Question

A particle of mass m, kinetic energy $K$ and linear momentum $p$ collides head on elastically with another particle of mass $2m$ at rest. Match the following (after collision) –

$\begin{array}{cc}\text{Column-I}& \text{Column-II}\\ \text{(A) momentum of first particle}& \text{(P)}\frac{4}{3}p\\ \text{(B) momentum of second particle}& \text{(Q)}\frac{8K}{9}\\ \text{(C) Kinetic energy of first particle}& \text{(R)}-\frac{p}{3}\\ \text{(D) Kinetic energy of second particle}& \left(S\right)\frac{K}{9}\end{array}$

Which of the following option has the correct combination considering column-I and column-II

• A.
  $C\to S$
• B.
  $D\to P,R$
• C.
  $B\to Q$
• D.
  $A\to P,Q$

Answer 1

The correct option is A

$C\to S$
Let $m_1$ and $m_2$ be the mass of two collision bodies.
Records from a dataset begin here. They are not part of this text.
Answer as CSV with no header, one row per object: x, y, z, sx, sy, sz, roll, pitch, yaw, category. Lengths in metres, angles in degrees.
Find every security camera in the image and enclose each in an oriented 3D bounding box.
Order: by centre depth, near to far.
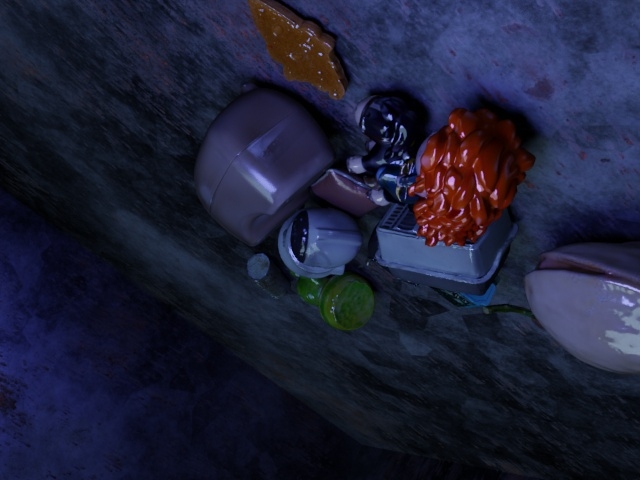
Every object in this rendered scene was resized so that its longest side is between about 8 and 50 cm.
0.000,0.000,1.879,0.191,0.197,0.277,8,175,-12,security camera

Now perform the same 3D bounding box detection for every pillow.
0.070,-0.124,1.803,0.171,0.075,0.179,29,159,-12,pillow

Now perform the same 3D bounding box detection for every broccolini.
0.513,0.180,1.820,0.239,0.054,0.051,8,121,-26,broccolini

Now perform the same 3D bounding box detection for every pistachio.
0.631,0.136,1.486,0.365,0.281,0.445,33,171,-29,pistachio

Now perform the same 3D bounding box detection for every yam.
-0.178,0.136,2.556,0.107,0.107,0.183,6,149,42,yam

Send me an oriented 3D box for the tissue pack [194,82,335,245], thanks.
-0.156,-0.179,1.710,0.277,0.267,0.387,44,156,3,tissue pack

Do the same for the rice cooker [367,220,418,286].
0.220,0.033,1.889,0.203,0.118,0.142,33,157,6,rice cooker

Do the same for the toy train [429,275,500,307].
0.352,0.078,1.794,0.198,0.154,0.107,35,158,-14,toy train

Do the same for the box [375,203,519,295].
0.283,-0.002,1.640,0.290,0.220,0.166,12,136,34,box

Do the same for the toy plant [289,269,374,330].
0.029,0.172,2.356,0.316,0.184,0.224,23,156,54,toy plant

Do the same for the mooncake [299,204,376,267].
0.039,-0.013,2.076,0.347,0.057,0.150,44,164,-34,mooncake

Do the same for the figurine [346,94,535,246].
0.220,-0.152,1.449,0.412,0.241,0.306,32,136,40,figurine

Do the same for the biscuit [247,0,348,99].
-0.045,-0.392,1.454,0.280,0.043,0.183,46,148,-22,biscuit
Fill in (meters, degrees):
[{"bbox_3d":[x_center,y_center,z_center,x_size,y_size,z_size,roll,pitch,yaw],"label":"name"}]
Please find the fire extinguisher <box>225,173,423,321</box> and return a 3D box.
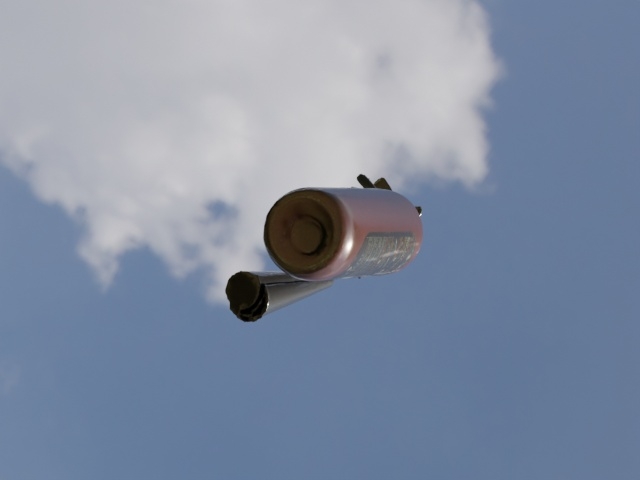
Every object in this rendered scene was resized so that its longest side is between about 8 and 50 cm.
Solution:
[{"bbox_3d":[0.004,0.005,0.495,0.032,0.100,0.046,32,-80,15],"label":"fire extinguisher"}]
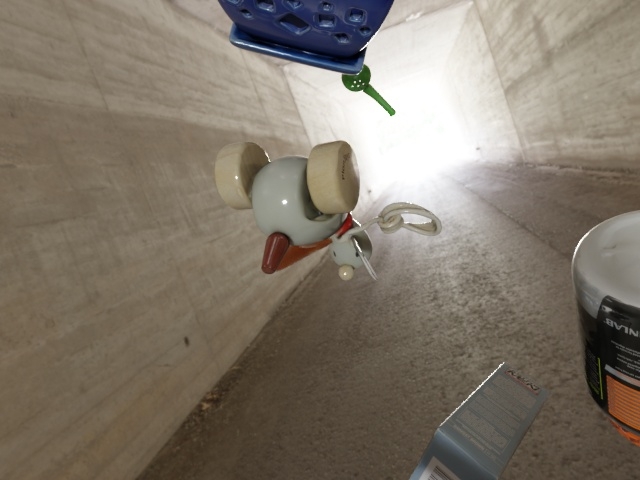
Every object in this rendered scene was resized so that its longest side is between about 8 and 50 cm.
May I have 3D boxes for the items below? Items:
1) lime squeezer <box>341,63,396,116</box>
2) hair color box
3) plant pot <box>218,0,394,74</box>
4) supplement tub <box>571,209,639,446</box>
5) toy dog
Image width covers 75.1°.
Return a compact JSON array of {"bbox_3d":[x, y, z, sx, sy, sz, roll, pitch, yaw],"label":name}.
[{"bbox_3d":[0.056,-0.352,0.787,0.059,0.310,0.109,-18,30,46],"label":"lime squeezer"},{"bbox_3d":[0.314,0.394,0.817,0.114,0.185,0.375,34,24,33],"label":"hair color box"},{"bbox_3d":[-0.013,-0.379,0.573,0.236,0.235,0.212,12,-15,-3],"label":"plant pot"},{"bbox_3d":[0.479,0.140,0.580,0.207,0.337,0.207,-19,32,13],"label":"supplement tub"},{"bbox_3d":[0.000,0.000,0.561,0.220,0.160,0.334,-7,-26,43],"label":"toy dog"}]
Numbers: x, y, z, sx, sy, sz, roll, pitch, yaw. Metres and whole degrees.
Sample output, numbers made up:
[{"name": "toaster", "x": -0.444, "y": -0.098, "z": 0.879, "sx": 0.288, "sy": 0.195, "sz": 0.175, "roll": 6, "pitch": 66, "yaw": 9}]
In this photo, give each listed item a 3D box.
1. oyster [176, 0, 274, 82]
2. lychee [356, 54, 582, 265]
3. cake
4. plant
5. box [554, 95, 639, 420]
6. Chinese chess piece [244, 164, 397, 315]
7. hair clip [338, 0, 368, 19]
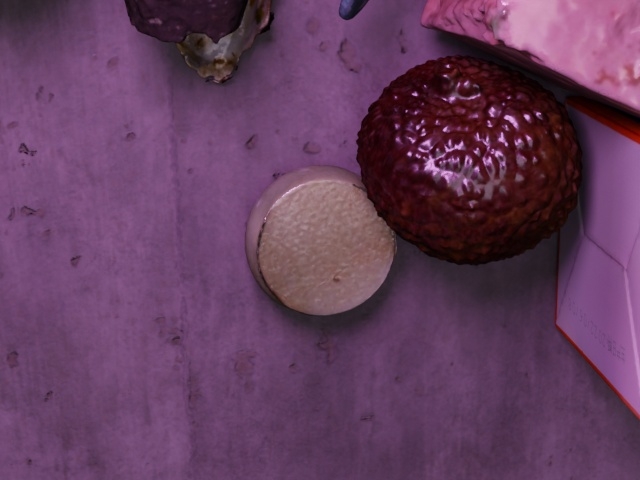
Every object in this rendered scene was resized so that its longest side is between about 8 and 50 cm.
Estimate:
[{"name": "oyster", "x": -0.129, "y": -0.327, "z": 1.504, "sx": 0.166, "sy": 0.094, "sz": 0.294, "roll": 5, "pitch": 122, "yaw": -12}, {"name": "lychee", "x": 0.170, "y": -0.091, "z": 1.521, "sx": 0.260, "sy": 0.260, "sz": 0.261, "roll": -2, "pitch": 106, "yaw": -7}, {"name": "cake", "x": 0.297, "y": -0.319, "z": 1.433, "sx": 0.293, "sy": 0.314, "sz": 0.307, "roll": 19, "pitch": 99, "yaw": -14}, {"name": "plant", "x": -0.145, "y": -0.343, "z": 1.343, "sx": 0.149, "sy": 0.146, "sz": 0.275, "roll": -17, "pitch": 136, "yaw": -21}, {"name": "box", "x": 0.450, "y": 0.006, "z": 1.533, "sx": 0.256, "sy": 0.349, "sz": 0.319, "roll": -3, "pitch": 105, "yaw": -7}, {"name": "Chinese chess piece", "x": 0.000, "y": 0.000, "z": 1.614, "sx": 0.188, "sy": 0.083, "sz": 0.189, "roll": -3, "pitch": 105, "yaw": -10}, {"name": "hair clip", "x": 0.076, "y": -0.481, "z": 1.357, "sx": 0.238, "sy": 0.392, "sz": 0.318, "roll": 38, "pitch": 63, "yaw": -1}]
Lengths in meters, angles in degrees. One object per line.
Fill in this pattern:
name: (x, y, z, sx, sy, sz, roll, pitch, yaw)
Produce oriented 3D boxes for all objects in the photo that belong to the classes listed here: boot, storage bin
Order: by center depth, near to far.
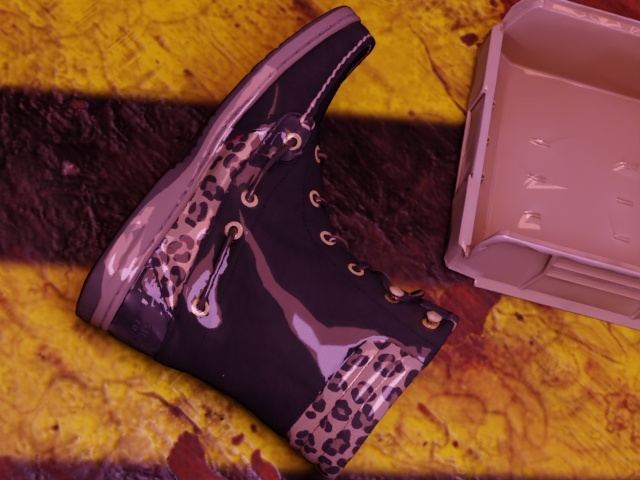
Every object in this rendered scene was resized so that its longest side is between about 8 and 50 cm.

$u_1$ and $u_2$ be their velocities before collisions $v_1$ and $v_1$ be their velocities after collisions
In the given situation,
$m_1=m;m_2=2m{u}_1=u_1;u_2=0$
Using conservation of momentum and energy we have equations.

$v_1=\left(\frac{m_1-m_2}{m_1+m_2}\right)u_1+\left(\frac{2m_1}{m_1+m_2}\right)u_2...\left(1\right)$

$v_2=\left(\frac{m_2-m_1}{m_1+m_2}\right)u_2+\left(\frac{2m_1}{m_1+m_2}\right)u_1...\left(2\right)$
Putting values given in question in equation (1) and (2) ; We get:
$v_1=\frac{-u_1}{3}$ & $v_2=\frac{2}{3}{u}_1$
According to question
$P=m_1{v}_1$ & $K=\frac{1}{2}{m}_1{v}_1^2$
Final momentum of mass $m_1$
$\Rightarrow m_1{v}_1=\frac{-m{u}_1}{3}=-\frac{P}{3}$

Final K.E of mass $m_1;$
$\Rightarrow \frac{1}{2}{m}_1{v}_1^2=\frac{1}{2}{m}_1\times \frac{u_1^2}{9}=\frac{K}{9}$

Final Momentum of mass $m_2$
$\Rightarrow m_2{v}_2=2m{v}_2=2m\times \frac{2}{3}{u}_1=\frac{4}{3}P$
Final KE of mass $m_2\Rightarrow \frac{1}{2}{m}_2{v}_2^2\Rightarrow \frac{1}{2}\times 2m\times \left(\frac{4}{9}{u}_1^2\right)\Rightarrow \frac{8K}{9}$

Matching the option we
$(A\to R)(B\to P)(C\to S)(D\to Q)$